== What the task requires ==
Take the records below from their first line through the line holding "Return dash bullets", and set each of those lines down exactly, without pictures.

Stored records:
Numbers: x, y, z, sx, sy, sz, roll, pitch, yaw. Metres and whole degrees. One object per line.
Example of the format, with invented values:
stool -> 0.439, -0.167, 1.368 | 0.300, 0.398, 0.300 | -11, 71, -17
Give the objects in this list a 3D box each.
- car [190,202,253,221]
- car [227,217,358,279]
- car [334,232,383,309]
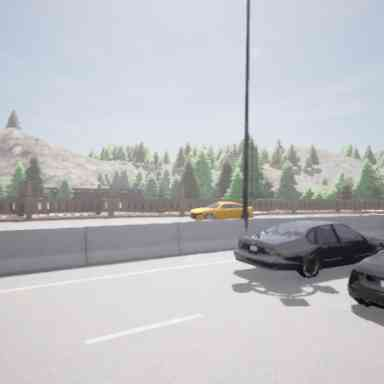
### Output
car -> 2.275, 1.495, 25.183 | 5.008, 1.535, 1.882 | 1, 0, -26
car -> 3.837, 1.570, 10.088 | 5.357, 1.411, 2.033 | 0, 0, -29
car -> 5.146, 1.597, 6.730 | 4.181, 1.385, 1.994 | 0, 0, -30
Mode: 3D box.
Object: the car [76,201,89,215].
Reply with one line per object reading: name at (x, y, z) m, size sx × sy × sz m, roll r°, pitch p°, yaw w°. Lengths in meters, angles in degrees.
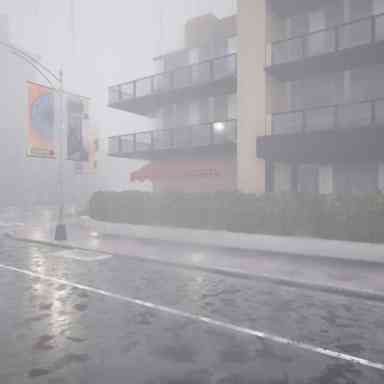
car at (-9.135, 1.477, 33.232) m, size 1.882 × 1.535 × 5.008 m, roll 0°, pitch 0°, yaw 35°
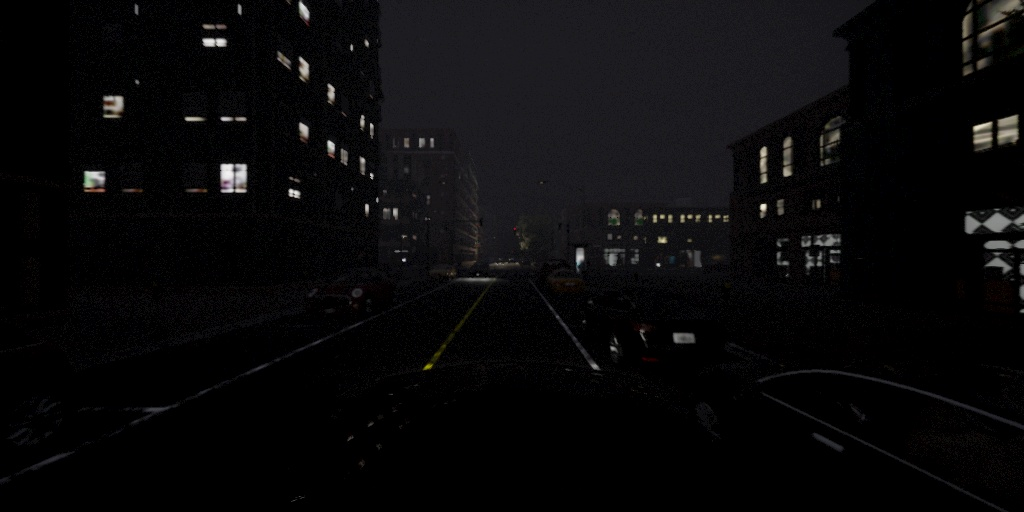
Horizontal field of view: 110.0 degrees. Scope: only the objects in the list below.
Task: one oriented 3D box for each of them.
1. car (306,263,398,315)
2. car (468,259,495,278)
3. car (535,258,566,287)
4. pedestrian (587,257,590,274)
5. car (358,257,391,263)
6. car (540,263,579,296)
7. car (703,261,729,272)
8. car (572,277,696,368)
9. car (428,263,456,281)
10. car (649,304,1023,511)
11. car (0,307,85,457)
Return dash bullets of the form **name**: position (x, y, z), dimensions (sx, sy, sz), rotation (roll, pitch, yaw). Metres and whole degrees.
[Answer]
- **car**: position (-5.696, 1.188, 13.208), dimensions (1.967, 1.591, 4.097), rotation (0, 0, 0)
- **car**: position (-3.031, 1.291, 34.736), dimensions (2.033, 1.411, 5.357), rotation (0, 0, 0)
- **car**: position (2.680, 1.060, 24.290), dimensions (2.192, 1.841, 5.009), rotation (0, 0, 0)
- **pedestrian**: position (8.118, 0.992, 38.237), dimensions (0.375, 1.860, 0.375), rotation (0, 0, 0)
- **car**: position (-17.295, 1.006, 44.052), dimensions (5.009, 1.841, 2.192), rotation (0, 0, 0)
- **car**: position (2.682, 1.272, 18.920), dimensions (1.751, 1.417, 4.829), rotation (0, 0, 0)
- **car**: position (26.128, 1.411, 44.327), dimensions (4.507, 1.381, 1.888), rotation (0, 0, 0)
- **car**: position (2.686, 1.315, 7.671), dimensions (1.948, 1.339, 4.313), rotation (0, 0, 0)
- **car**: position (-5.704, 1.270, 29.657), dimensions (1.751, 1.417, 4.829), rotation (0, 0, 0)
- **car**: position (2.689, 1.300, 2.131), dimensions (2.007, 1.370, 4.403), rotation (0, 0, 0)
- **car**: position (-5.692, 1.190, 2.128), dimensions (1.967, 1.591, 4.097), rotation (0, 0, 0)

== Expected answer ==
Numbers: x, y, z, sx, sy, sz, roll, pitch, yaw. Metres and whole degrees. One object per line.
Example of the format, with invented values:
stool -> 0.439, -0.167, 1.368 | 0.300, 0.398, 0.300 | -11, 71, -17
Give the objects in this list a 3D box each.
- car [190,202,253,221]
- car [227,217,358,279]
- car [334,232,383,309]
### Output
car -> 2.275, 1.495, 25.183 | 5.008, 1.535, 1.882 | 1, 0, -26
car -> 3.837, 1.570, 10.088 | 5.357, 1.411, 2.033 | 0, 0, -29
car -> 5.146, 1.597, 6.730 | 4.181, 1.385, 1.994 | 0, 0, -30
Mode: 3D box.
Object: the car [76,201,89,215].
Reply with one line per object reading: name at (x, y, z) m, size sx × sy × sz m, roll r°, pitch p°, yaw w°. Lengths in meters, angles in degrees.
car at (-9.135, 1.477, 33.232) m, size 1.882 × 1.535 × 5.008 m, roll 0°, pitch 0°, yaw 35°
Horizontal field of view: 110.0 degrees. Scope: only the objects in the list below.
Task: one oriented 3D box for each of them.
1. car (306,263,398,315)
2. car (468,259,495,278)
3. car (535,258,566,287)
4. pedestrian (587,257,590,274)
5. car (358,257,391,263)
6. car (540,263,579,296)
7. car (703,261,729,272)
8. car (572,277,696,368)
9. car (428,263,456,281)
10. car (649,304,1023,511)
11. car (0,307,85,457)
Return dash bullets of the form **name**: position (x, y, z), dimensions (sx, sy, sz), rotation (roll, pitch, yaw). Metres and whole degrees.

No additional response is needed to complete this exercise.